Data records

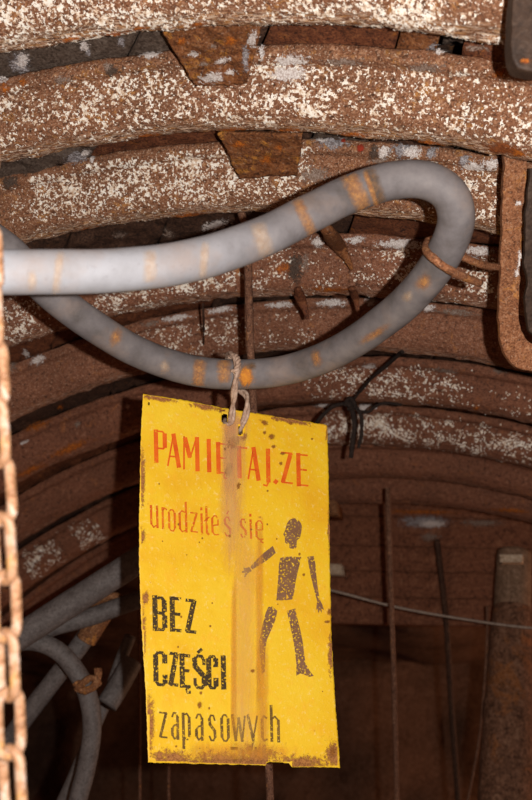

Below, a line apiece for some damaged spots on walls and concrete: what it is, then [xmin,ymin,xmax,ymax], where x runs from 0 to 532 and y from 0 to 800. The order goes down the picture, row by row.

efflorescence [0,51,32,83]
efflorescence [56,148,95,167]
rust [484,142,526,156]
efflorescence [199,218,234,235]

Exercise instructions
Reproduce the full listing verbatim so that only the pictures are missing.

Result
Below, a line apiece for some damaged spots on walls and concrete: what it is, then [xmin,ymin,xmax,ymax], where x runs from 0 to 532 and y from 0 to 800. The order goes down the picture, row by row.

efflorescence [0,51,32,83]
efflorescence [56,148,95,167]
rust [484,142,526,156]
efflorescence [199,218,234,235]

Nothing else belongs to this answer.